● WHAT NEEDS TO BE DONE:
Write out, exactly and only, the lines that run from the top of the records to the line with "written premiums<fcel>Net written". Include both ends; exclude pictures.

● Stored data entries:
Content starts

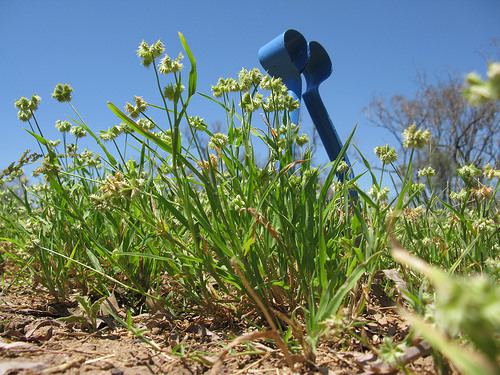<image>
Can you confirm if the sky is in front of the plant? No. The sky is not in front of the plant. The spatial positioning shows a different relationship between these objects. 
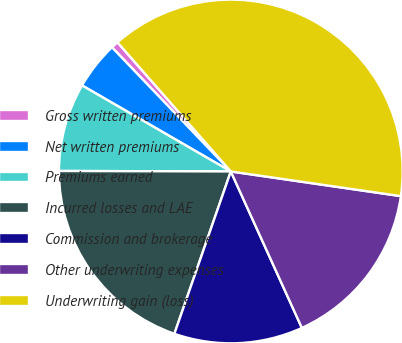Convert chart. <chart><loc_0><loc_0><loc_500><loc_500><pie_chart><fcel>Gross written premiums<fcel>Net written premiums<fcel>Premiums earned<fcel>Incurred losses and LAE<fcel>Commission and brokerage<fcel>Other underwriting expenses<fcel>Underwriting gain (loss)<nl><fcel>0.69%<fcel>4.5%<fcel>8.3%<fcel>19.72%<fcel>12.11%<fcel>15.92%<fcel>38.76%<nl></chart> 
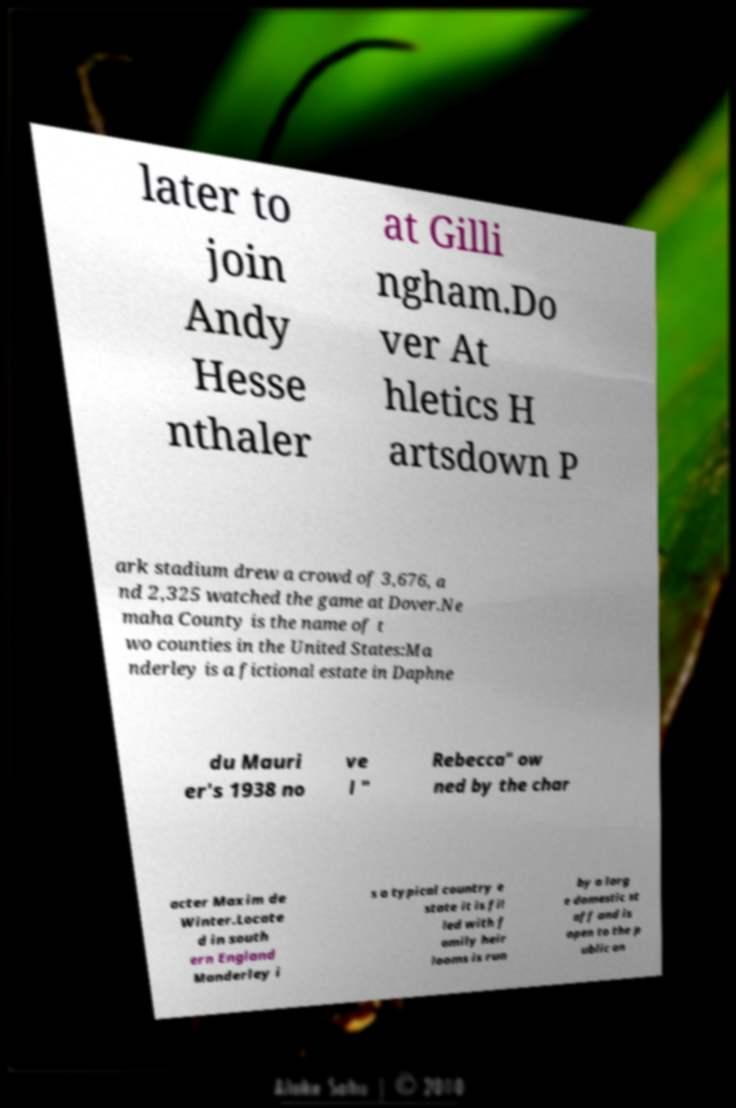Can you accurately transcribe the text from the provided image for me? later to join Andy Hesse nthaler at Gilli ngham.Do ver At hletics H artsdown P ark stadium drew a crowd of 3,676, a nd 2,325 watched the game at Dover.Ne maha County is the name of t wo counties in the United States:Ma nderley is a fictional estate in Daphne du Mauri er's 1938 no ve l " Rebecca" ow ned by the char acter Maxim de Winter.Locate d in south ern England Manderley i s a typical country e state it is fil led with f amily heir looms is run by a larg e domestic st aff and is open to the p ublic on 
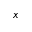<formula> <loc_0><loc_0><loc_500><loc_500>x</formula> 
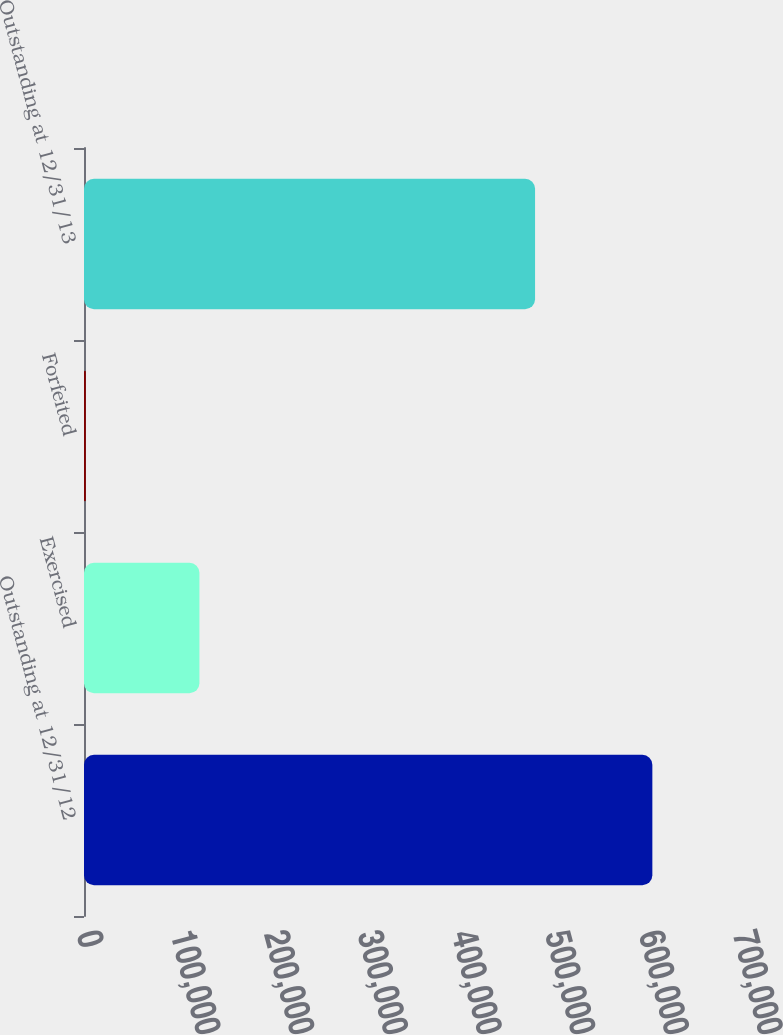Convert chart to OTSL. <chart><loc_0><loc_0><loc_500><loc_500><bar_chart><fcel>Outstanding at 12/31/12<fcel>Exercised<fcel>Forfeited<fcel>Outstanding at 12/31/13<nl><fcel>606475<fcel>123165<fcel>2000<fcel>481310<nl></chart> 
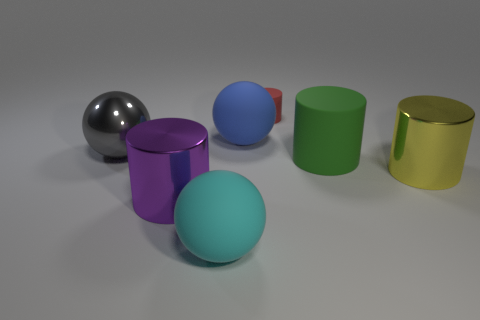Subtract all cyan spheres. How many spheres are left? 2 Add 1 small gray things. How many objects exist? 8 Subtract all yellow cylinders. How many cylinders are left? 3 Subtract 3 balls. How many balls are left? 0 Subtract all spheres. How many objects are left? 4 Add 7 big yellow cylinders. How many big yellow cylinders exist? 8 Subtract 0 yellow cubes. How many objects are left? 7 Subtract all brown balls. Subtract all green blocks. How many balls are left? 3 Subtract all big gray shiny balls. Subtract all red cubes. How many objects are left? 6 Add 4 big matte cylinders. How many big matte cylinders are left? 5 
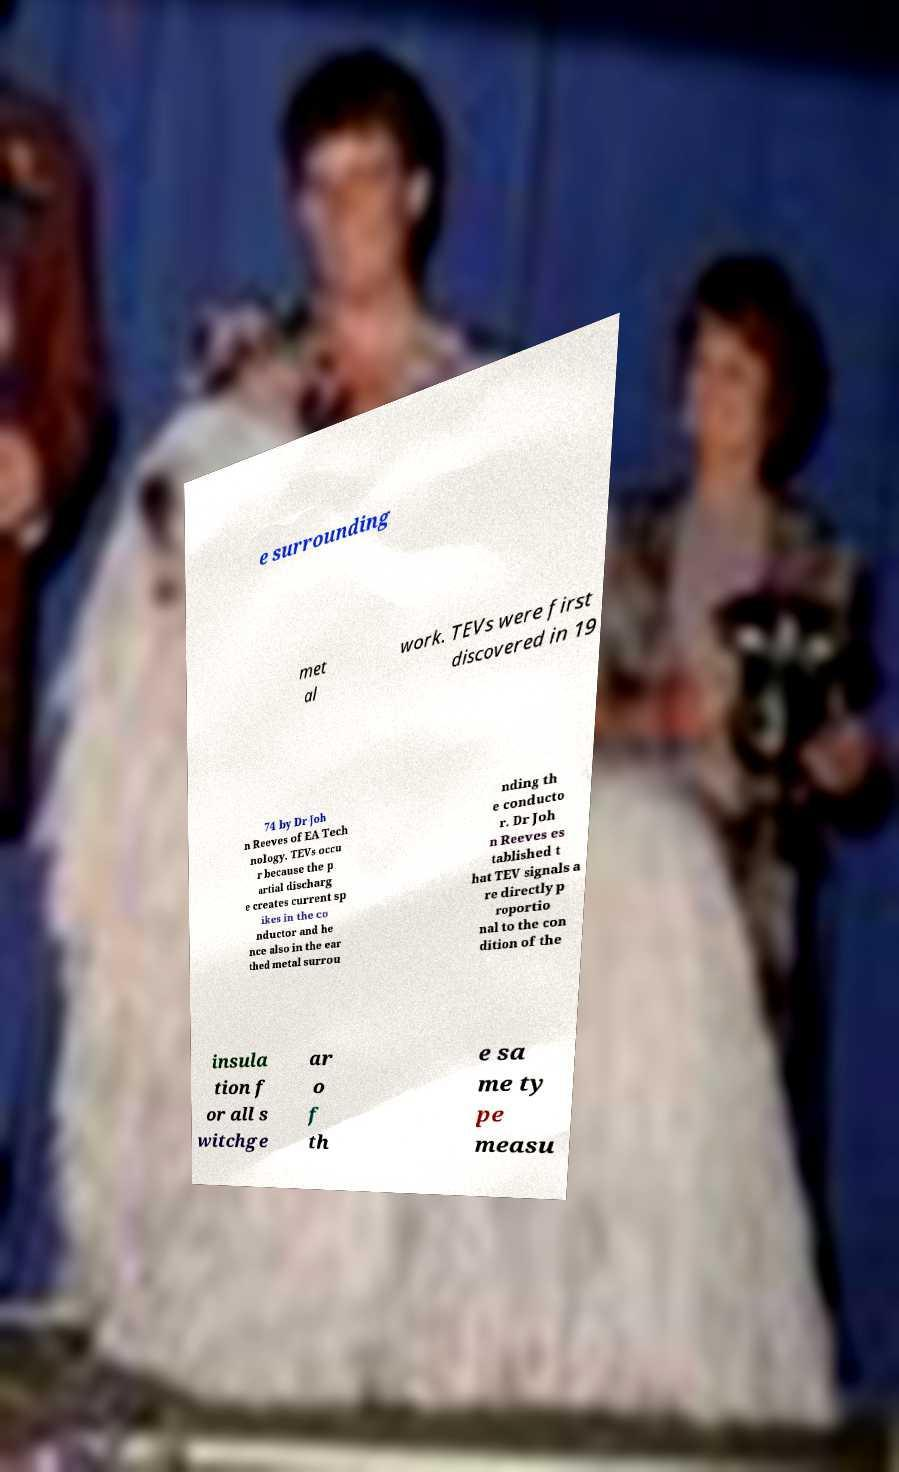I need the written content from this picture converted into text. Can you do that? e surrounding met al work. TEVs were first discovered in 19 74 by Dr Joh n Reeves of EA Tech nology. TEVs occu r because the p artial discharg e creates current sp ikes in the co nductor and he nce also in the ear thed metal surrou nding th e conducto r. Dr Joh n Reeves es tablished t hat TEV signals a re directly p roportio nal to the con dition of the insula tion f or all s witchge ar o f th e sa me ty pe measu

Content ends

● TASK RESPONSE:
<image>
Can you confirm if the sky is in front of the plant? No. The sky is not in front of the plant. The spatial positioning shows a different relationship between these objects. 
Convert chart. <chart><loc_0><loc_0><loc_500><loc_500><pie_chart><fcel>Gross written premiums<fcel>Net written premiums<fcel>Premiums earned<fcel>Incurred losses and LAE<fcel>Commission and brokerage<fcel>Other underwriting expenses<fcel>Underwriting gain (loss)<nl><fcel>0.69%<fcel>4.5%<fcel>8.3%<fcel>19.72%<fcel>12.11%<fcel>15.92%<fcel>38.76%<nl></chart> 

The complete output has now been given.